Extracted records
* * * *
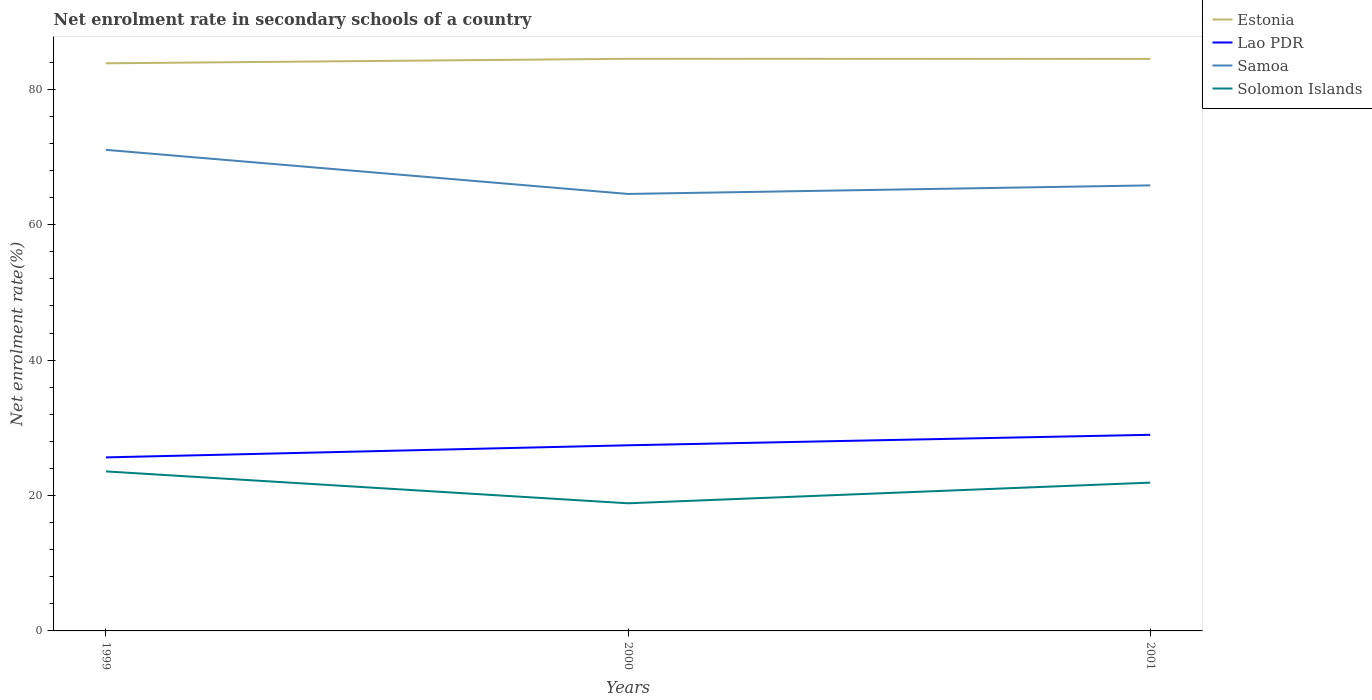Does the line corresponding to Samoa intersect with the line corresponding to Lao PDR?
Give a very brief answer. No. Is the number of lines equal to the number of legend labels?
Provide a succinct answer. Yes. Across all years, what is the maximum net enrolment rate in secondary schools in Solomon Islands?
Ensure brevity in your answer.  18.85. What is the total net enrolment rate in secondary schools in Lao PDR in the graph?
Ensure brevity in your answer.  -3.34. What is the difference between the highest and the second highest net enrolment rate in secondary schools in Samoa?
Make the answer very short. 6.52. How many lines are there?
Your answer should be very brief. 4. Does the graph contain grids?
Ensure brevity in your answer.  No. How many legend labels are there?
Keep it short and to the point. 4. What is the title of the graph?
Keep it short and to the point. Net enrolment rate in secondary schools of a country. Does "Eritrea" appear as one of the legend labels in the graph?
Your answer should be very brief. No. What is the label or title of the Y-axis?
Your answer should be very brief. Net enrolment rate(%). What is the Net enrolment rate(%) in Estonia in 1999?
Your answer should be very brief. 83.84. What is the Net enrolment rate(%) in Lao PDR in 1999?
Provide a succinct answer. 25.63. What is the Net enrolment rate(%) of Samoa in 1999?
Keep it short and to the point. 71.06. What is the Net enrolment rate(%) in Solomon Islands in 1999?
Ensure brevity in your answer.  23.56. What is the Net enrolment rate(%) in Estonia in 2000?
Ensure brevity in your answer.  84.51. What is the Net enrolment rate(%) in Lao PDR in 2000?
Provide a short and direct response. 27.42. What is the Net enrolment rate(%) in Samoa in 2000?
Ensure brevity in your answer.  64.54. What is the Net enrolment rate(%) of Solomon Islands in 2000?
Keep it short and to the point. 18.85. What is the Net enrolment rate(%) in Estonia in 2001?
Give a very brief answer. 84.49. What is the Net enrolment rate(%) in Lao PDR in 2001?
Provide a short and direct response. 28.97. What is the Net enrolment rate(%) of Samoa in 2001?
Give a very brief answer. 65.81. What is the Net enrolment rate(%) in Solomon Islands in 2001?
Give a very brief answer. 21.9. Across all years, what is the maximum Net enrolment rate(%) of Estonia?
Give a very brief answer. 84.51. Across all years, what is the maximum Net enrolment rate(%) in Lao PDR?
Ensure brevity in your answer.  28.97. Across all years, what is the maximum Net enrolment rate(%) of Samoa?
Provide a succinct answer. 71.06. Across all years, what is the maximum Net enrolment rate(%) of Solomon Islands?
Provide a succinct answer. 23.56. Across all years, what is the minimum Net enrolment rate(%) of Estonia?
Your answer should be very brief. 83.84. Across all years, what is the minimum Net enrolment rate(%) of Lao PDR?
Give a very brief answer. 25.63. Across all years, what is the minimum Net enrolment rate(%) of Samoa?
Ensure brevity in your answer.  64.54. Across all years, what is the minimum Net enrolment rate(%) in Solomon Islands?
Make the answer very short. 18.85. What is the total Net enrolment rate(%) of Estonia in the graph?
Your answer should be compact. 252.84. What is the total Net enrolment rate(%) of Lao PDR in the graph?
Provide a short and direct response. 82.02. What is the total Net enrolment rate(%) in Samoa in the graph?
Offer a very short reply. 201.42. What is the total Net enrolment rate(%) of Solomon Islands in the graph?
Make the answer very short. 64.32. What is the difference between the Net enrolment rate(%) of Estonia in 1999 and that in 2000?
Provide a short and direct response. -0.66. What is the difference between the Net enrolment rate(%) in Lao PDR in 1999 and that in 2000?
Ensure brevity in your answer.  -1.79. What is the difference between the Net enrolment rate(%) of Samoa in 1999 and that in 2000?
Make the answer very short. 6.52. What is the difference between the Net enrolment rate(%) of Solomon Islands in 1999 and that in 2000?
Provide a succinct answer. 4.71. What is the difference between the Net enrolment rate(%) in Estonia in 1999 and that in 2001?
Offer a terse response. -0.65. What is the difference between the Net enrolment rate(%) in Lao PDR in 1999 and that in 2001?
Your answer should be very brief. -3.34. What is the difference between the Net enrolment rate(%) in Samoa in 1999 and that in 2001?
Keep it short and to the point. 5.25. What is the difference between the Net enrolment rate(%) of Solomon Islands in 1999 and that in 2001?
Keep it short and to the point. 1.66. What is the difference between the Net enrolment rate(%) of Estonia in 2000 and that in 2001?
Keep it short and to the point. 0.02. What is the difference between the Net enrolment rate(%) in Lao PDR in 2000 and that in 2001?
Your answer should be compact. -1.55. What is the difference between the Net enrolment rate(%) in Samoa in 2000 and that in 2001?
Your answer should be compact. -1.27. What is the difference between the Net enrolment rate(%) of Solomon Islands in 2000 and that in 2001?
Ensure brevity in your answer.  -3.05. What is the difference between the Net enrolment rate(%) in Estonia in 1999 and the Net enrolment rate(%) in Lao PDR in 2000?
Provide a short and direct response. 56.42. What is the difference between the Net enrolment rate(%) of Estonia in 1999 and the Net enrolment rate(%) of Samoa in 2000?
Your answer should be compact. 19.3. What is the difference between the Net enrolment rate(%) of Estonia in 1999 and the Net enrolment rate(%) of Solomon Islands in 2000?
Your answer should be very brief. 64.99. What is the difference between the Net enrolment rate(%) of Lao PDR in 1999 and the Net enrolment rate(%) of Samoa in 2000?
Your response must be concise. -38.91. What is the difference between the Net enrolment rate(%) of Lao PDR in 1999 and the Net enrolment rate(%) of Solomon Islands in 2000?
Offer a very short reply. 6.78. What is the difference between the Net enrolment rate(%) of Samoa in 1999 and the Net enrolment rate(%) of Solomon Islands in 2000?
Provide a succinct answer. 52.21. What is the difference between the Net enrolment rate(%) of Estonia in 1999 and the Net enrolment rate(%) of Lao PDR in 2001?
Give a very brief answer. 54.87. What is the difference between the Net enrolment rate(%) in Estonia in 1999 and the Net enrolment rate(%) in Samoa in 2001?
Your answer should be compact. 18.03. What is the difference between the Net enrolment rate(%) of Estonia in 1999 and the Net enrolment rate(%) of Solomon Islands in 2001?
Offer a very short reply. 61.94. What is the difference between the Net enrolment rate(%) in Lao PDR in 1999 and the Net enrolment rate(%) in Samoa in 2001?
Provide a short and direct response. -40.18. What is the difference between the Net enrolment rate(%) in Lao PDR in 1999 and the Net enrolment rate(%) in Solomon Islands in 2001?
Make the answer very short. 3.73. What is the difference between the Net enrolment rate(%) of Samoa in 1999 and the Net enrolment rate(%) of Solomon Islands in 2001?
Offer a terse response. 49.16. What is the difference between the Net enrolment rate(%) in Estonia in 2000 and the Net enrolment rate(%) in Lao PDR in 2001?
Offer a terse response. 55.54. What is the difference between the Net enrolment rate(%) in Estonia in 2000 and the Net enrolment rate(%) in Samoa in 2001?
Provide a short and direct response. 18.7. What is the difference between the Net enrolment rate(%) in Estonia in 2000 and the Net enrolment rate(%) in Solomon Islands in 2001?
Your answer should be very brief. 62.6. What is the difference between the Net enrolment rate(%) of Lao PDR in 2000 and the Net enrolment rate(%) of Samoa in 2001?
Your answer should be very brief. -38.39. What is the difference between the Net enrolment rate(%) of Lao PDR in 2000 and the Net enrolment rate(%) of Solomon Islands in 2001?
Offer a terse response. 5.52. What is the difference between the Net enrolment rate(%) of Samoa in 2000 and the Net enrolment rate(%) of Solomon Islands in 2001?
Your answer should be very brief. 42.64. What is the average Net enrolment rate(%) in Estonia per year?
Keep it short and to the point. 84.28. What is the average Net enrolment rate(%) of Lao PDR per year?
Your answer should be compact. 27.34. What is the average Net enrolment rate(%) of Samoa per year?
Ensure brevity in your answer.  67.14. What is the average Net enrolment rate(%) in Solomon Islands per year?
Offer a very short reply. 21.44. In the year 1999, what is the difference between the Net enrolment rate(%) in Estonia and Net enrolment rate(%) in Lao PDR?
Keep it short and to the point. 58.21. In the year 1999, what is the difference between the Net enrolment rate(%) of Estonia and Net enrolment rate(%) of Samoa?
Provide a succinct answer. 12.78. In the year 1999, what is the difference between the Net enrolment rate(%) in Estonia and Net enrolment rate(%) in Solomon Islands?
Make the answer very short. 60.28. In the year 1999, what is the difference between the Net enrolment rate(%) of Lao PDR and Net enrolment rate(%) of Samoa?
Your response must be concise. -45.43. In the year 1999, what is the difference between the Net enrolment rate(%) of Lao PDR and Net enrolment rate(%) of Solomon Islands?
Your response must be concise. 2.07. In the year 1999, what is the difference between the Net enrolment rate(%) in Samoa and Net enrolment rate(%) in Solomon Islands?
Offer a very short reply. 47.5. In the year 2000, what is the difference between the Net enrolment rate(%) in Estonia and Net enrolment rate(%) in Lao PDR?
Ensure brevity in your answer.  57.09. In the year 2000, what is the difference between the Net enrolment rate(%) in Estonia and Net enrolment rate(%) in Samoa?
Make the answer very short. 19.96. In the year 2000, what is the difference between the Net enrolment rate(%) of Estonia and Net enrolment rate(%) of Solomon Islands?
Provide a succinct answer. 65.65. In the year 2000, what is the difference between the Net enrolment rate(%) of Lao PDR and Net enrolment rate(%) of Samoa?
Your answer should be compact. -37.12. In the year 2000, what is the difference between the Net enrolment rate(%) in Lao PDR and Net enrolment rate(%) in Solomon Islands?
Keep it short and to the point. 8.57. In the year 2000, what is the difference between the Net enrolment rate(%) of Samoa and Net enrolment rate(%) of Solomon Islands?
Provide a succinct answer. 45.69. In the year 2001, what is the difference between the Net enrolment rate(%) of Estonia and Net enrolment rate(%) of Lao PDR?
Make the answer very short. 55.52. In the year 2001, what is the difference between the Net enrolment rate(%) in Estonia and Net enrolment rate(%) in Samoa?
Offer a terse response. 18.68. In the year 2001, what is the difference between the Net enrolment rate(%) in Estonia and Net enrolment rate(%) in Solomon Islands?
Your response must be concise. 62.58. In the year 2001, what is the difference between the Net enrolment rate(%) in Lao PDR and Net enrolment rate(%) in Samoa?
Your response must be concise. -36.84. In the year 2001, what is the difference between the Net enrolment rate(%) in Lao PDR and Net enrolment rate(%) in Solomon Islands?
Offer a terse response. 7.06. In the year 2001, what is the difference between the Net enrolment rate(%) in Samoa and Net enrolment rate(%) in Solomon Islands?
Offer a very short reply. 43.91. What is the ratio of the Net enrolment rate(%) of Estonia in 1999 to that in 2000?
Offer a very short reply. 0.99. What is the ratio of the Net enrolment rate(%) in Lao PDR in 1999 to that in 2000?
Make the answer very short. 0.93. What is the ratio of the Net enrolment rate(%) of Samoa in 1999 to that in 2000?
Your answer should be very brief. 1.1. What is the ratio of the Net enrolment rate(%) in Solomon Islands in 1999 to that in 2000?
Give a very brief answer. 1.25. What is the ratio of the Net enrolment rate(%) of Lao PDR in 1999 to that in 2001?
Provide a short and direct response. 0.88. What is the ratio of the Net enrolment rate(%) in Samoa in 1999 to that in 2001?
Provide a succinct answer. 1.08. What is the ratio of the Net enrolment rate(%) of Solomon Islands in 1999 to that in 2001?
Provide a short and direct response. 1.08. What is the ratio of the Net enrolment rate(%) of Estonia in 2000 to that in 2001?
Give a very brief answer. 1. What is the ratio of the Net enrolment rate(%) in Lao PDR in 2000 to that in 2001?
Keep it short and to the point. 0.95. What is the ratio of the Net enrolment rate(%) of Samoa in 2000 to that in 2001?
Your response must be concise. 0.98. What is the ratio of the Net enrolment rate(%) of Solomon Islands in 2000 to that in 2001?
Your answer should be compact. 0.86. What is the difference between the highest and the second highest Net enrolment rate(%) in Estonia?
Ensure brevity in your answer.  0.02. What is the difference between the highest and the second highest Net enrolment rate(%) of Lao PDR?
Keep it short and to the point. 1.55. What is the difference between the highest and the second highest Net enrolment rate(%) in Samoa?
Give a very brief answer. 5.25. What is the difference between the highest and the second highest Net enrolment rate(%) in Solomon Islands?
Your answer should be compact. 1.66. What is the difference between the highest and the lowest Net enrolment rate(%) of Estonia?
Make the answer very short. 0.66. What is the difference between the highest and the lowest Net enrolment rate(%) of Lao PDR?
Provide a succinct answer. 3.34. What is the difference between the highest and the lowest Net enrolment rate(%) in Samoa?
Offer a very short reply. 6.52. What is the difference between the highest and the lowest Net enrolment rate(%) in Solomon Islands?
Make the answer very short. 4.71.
* * * *
What needs to be done: Only those lines of the entries above that run from the line containing "Give a very brief answer. 1. What" to the line containing "Make the answer very short. 0.66.", both included, should be transcribed exactly.

Solution to this exercise:
Give a very brief answer. 1. What is the ratio of the Net enrolment rate(%) in Lao PDR in 2000 to that in 2001?
Keep it short and to the point. 0.95. What is the ratio of the Net enrolment rate(%) of Samoa in 2000 to that in 2001?
Your response must be concise. 0.98. What is the ratio of the Net enrolment rate(%) of Solomon Islands in 2000 to that in 2001?
Your answer should be compact. 0.86. What is the difference between the highest and the second highest Net enrolment rate(%) in Estonia?
Ensure brevity in your answer.  0.02. What is the difference between the highest and the second highest Net enrolment rate(%) of Lao PDR?
Keep it short and to the point. 1.55. What is the difference between the highest and the second highest Net enrolment rate(%) in Samoa?
Give a very brief answer. 5.25. What is the difference between the highest and the second highest Net enrolment rate(%) in Solomon Islands?
Your answer should be compact. 1.66. What is the difference between the highest and the lowest Net enrolment rate(%) of Estonia?
Make the answer very short. 0.66. What is the difference between the highest and the lowest Net enrolment rate(%) of Lao PDR?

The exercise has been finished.